The Importance of Flexibility

Flexibility in reasoning is essential. Oberlin’s 1982 study found that when students are told that there is only one correct problem solving approach, this information furthers the apprehensive thinking of already math anxious students. Math anxious students who adopt the belief that there exists a singular path toward a problem’s solution may become rigid in their mathematical reasoning, which could, in turn, discourage critical thinking when processing mathematical content. De-emphasizing rote memorization is especially relevant given the current emphasis on standardized tests, which rely heavily on problems with convoluted phrasings and multiple steps to their solution, rendering rote memorization an insufficient means of study. 


Entity Vs. Incremental Theory

Research on implicit theories about the origins intelligence has delineated two primary perspectives; while some believe intelligence is relatively fixed (therein adopting an entity theory perspective), others view intellect as malleable, changing as a result of educational exposure and effort expenditure (therein adopting an incremental theory perspective). Research supports the assertion that if students believe their ability is fixed and they feel they are less naturally mathematically inclined, they are more likely to give up at the first sign of difficulty. While tutoring, I stress the importance of celebrating effort as a necessary component in achievement, helping students shift towards a mindset that encourages their academic growth.  For additional information on the impact implicit theories can have, please read Carol Dweck's 2007 book titled "Mindset." 

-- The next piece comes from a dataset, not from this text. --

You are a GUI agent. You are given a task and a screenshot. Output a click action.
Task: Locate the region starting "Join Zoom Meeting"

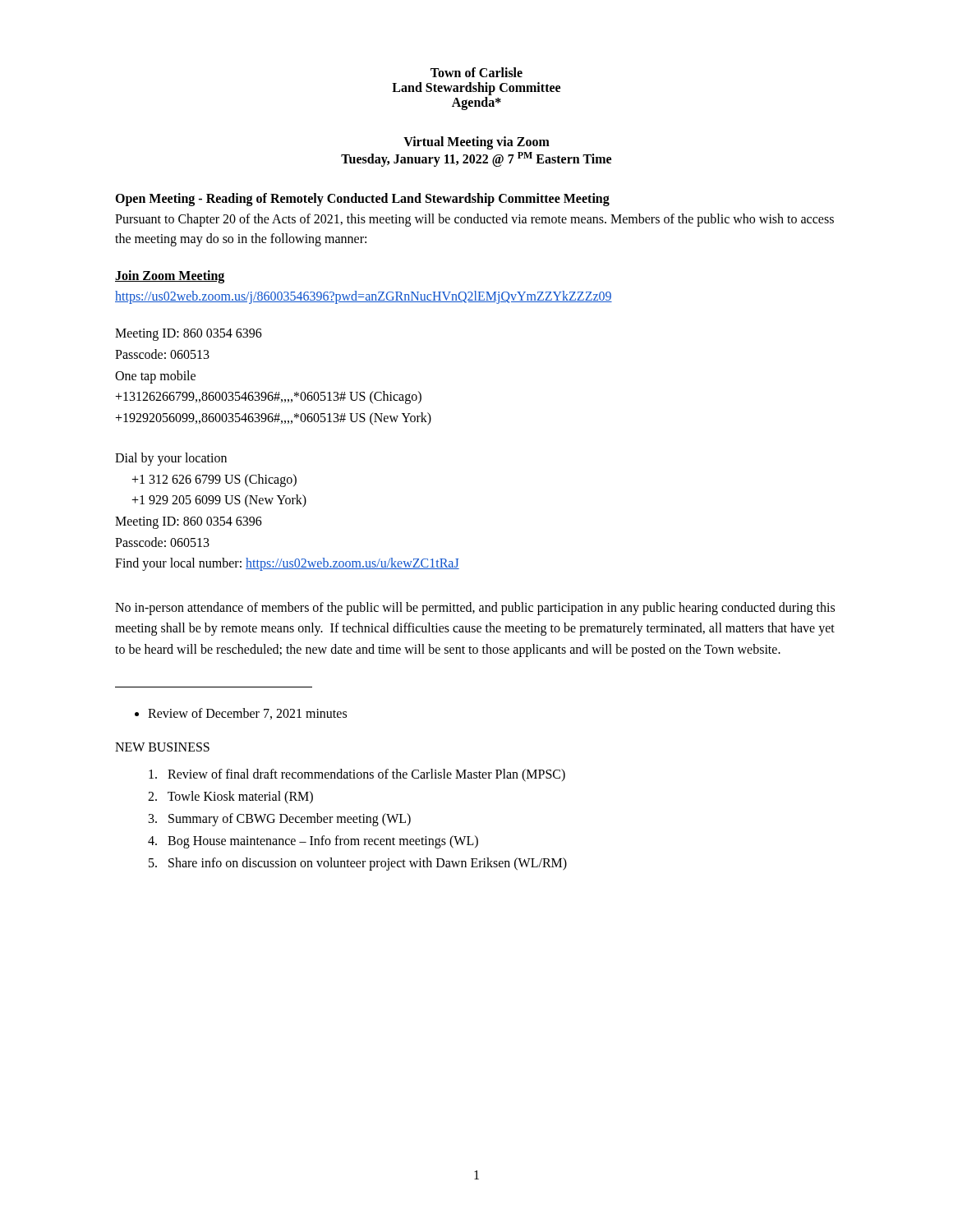point(170,276)

Seeking Structure in Mathematics

When inundated with facts and formulas, students can feel easily overwhelmed. Research Psychologists Neuberg and Newsom (1993) identify two primary strategies we often enlist for reducing cognitive load: Avoidance strategies and imposing a structure on complex stimuli. When complexity levels rise, reliance on heuristic processing similarly increases; however, crucial information may be lost when the categories formed as part of this process are 
inaccurate or incomplete (Bodenhausen & Wyer, 1985). Possible implications for individual differences in the need for structure serves as just one more area in which sensitivity to each student’s cognitive needs is key. Some may require additional drills when learning new concepts, or when disassociating concepts that have been inappropriately grouped. However, once the true structure behind each concept is understood, these students have shown a tremendous capacity and aptitude for discerning appropriate applications and excelling in mathematics!